= Beginning of Section =

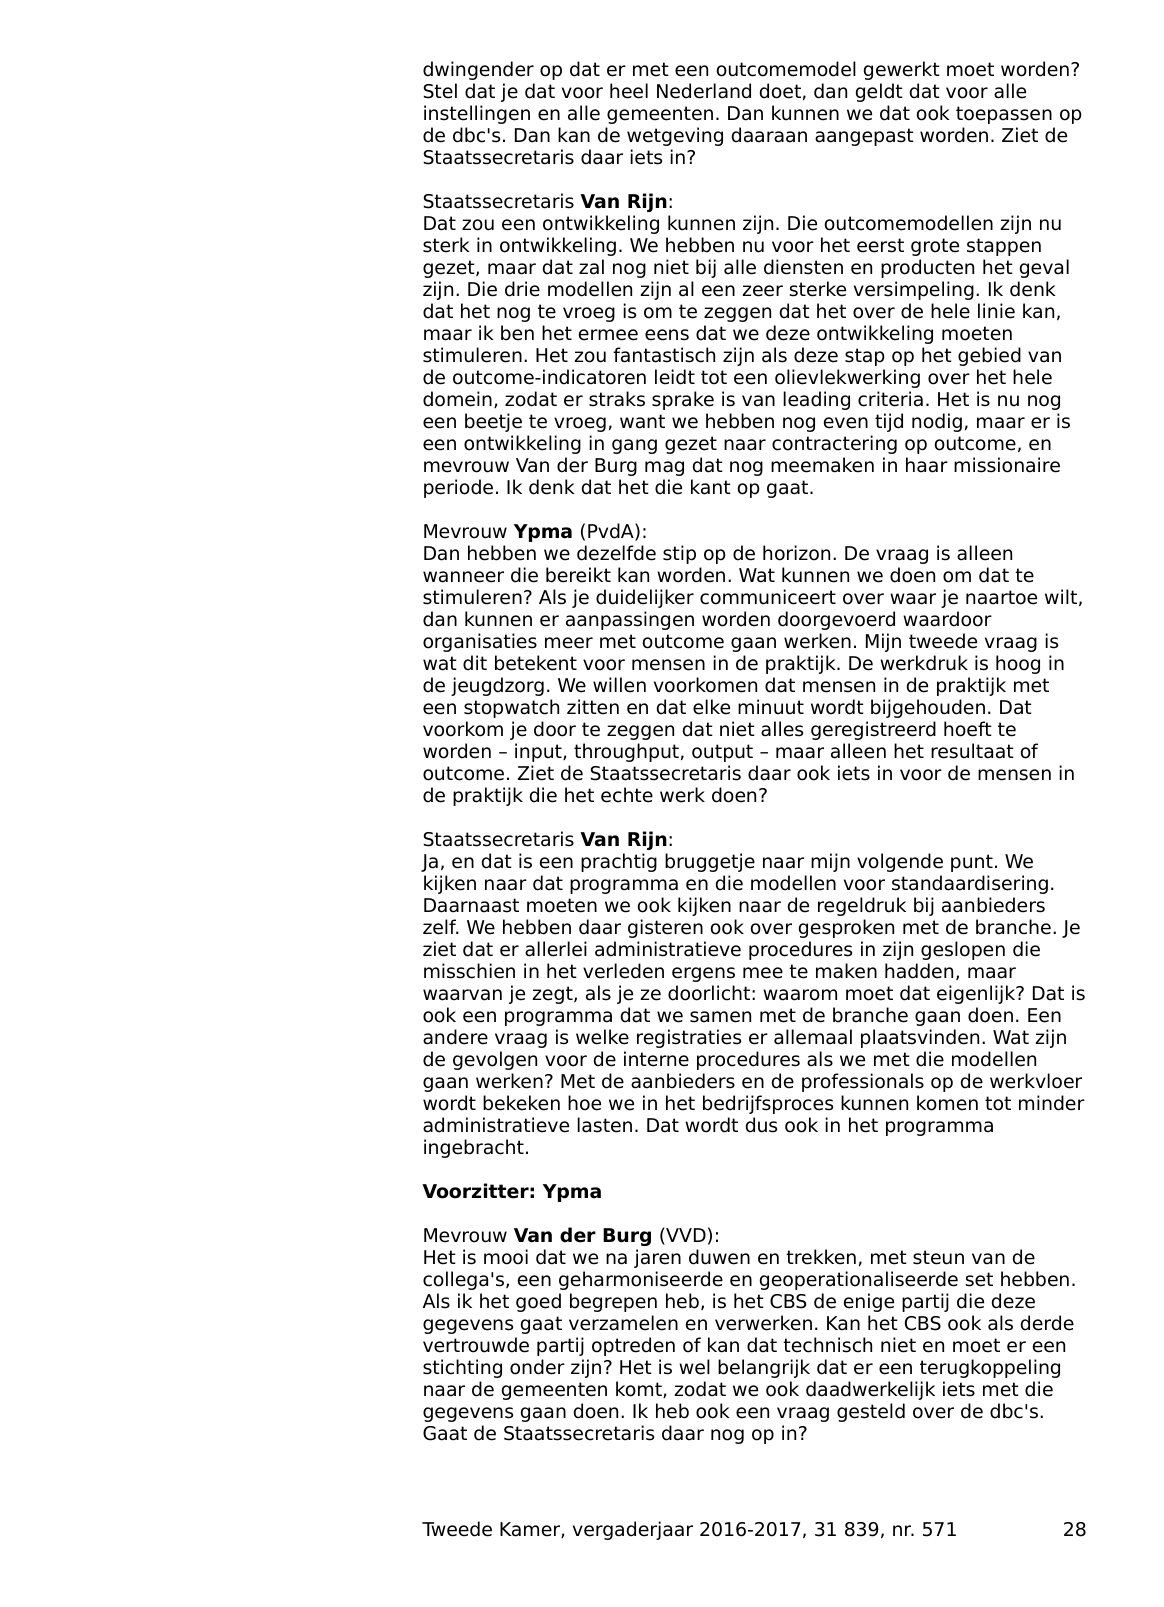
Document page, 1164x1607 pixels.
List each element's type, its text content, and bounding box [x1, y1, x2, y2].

text Staatssecretaris Van Rijn: [422, 829, 1087, 851]
text Staatssecretaris Van Rijn: [422, 191, 1087, 213]
text Het is mooi dat we na jaren duwen en trekken, met steun van de collega's, een geharmoniseerde en geoperationaliseerde set hebben. Als ik het goed begrepen heb, is het CBS de enige partij die deze gegevens gaat verzamelen en verwerken. Kan het CBS ook als derde vertrouwde partij optreden of kan dat technisch niet en moet er een stichting onder zijn? Het is wel belangrijk dat er een terugkoppeling naar de gemeenten komt, zodat we ook daadwerkelijk iets met die gegevens gaan doen. Ik heb ook een vraag gesteld over de dbc's. Gaat de Staatssecretaris daar nog op in? [422, 1247, 1087, 1445]
subtitle Voorzitter: Ypma [422, 1181, 1087, 1203]
text Dan hebben we dezelfde stip op de horizon. De vraag is alleen wanneer die bereikt kan worden. Wat kunnen we doen om dat te stimuleren? Als je duidelijker communiceert over waar je naartoe wilt, dan kunnen er aanpassingen worden doorgevoerd waardoor organisaties meer met outcome gaan werken. Mijn tweede vraag is wat dit betekent voor mensen in de praktijk. De werkdruk is hoog in de jeugdzorg. We willen voorkomen dat mensen in de praktijk met een stopwatch zitten en dat elke minuut wordt bijgehouden. Dat voorkom je door te zeggen dat niet alles geregistreerd hoeft te worden – input, throughput, output – maar alleen het resultaat of outcome. Ziet de Staatssecretaris daar ook iets in voor de mensen in de praktijk die het echte werk doen? [422, 543, 1087, 807]
text Mevrouw Van der Burg (VVD): [422, 1225, 1087, 1247]
text Mevrouw Ypma (PvdA): [422, 521, 1087, 543]
text Ja, en dat is een prachtig bruggetje naar mijn volgende punt. We kijken naar dat programma en die modellen voor standaardisering. Daarnaast moeten we ook kijken naar de regeldruk bij aanbieders zelf. We hebben daar gisteren ook over gesproken met de branche. Je ziet dat er allerlei administratieve procedures in zijn geslopen die misschien in het verleden ergens mee te maken hadden, maar waarvan je zegt, als je ze doorlicht: waarom moet dat eigenlijk? Dat is ook een programma dat we samen met de branche gaan doen. Een andere vraag is welke registraties er allemaal plaatsvinden. Wat zijn de gevolgen voor de interne procedures als we met die modellen gaan werken? Met de aanbieders en de professionals op de werkvloer wordt bekeken hoe we in het bedrijfsproces kunnen komen tot minder administratieve lasten. Dat wordt dus ook in het programma ingebracht. [422, 851, 1087, 1159]
text Dat zou een ontwikkeling kunnen zijn. Die outcomemodellen zijn nu sterk in ontwikkeling. We hebben nu voor het eerst grote stappen gezet, maar dat zal nog niet bij alle diensten en producten het geval zijn. Die drie modellen zijn al een zeer sterke versimpeling. Ik denk dat het nog te vroeg is om te zeggen dat het over de hele linie kan, maar ik ben het ermee eens dat we deze ontwikkeling moeten stimuleren. Het zou fantastisch zijn als deze stap op het gebied van de outcome-indicatoren leidt tot een olievlekwerking over het hele domein, zodat er straks sprake is van leading criteria. Het is nu nog een beetje te vroeg, want we hebben nog even tijd nodig, maar er is een ontwikkeling in gang gezet naar contractering op outcome, en mevrouw Van der Burg mag dat nog meemaken in haar missionaire periode. Ik denk dat het die kant op gaat. [422, 213, 1087, 499]
text dwingender op dat er met een outcomemodel gewerkt moet worden? Stel dat je dat voor heel Nederland doet, dan geldt dat voor alle instellingen en alle gemeenten. Dan kunnen we dat ook toepassen op de dbc's. Dan kan de wetgeving daaraan aangepast worden. Ziet de Staatssecretaris daar iets in? [422, 59, 1087, 169]

= End of Section =

• WHAT IS REQUIRED
Your answer must be the lines above from the one containing "List each element's" to the one containing "text Staatssecretaris Van Rijn: [422, 191, 1087, 213]", both included, restated word for word.

• EXERCISE SOLUTION
List each element's type, its text content, and bounding box [x1, y1, x2, y2].

text Staatssecretaris Van Rijn: [422, 829, 1087, 851]
text Staatssecretaris Van Rijn: [422, 191, 1087, 213]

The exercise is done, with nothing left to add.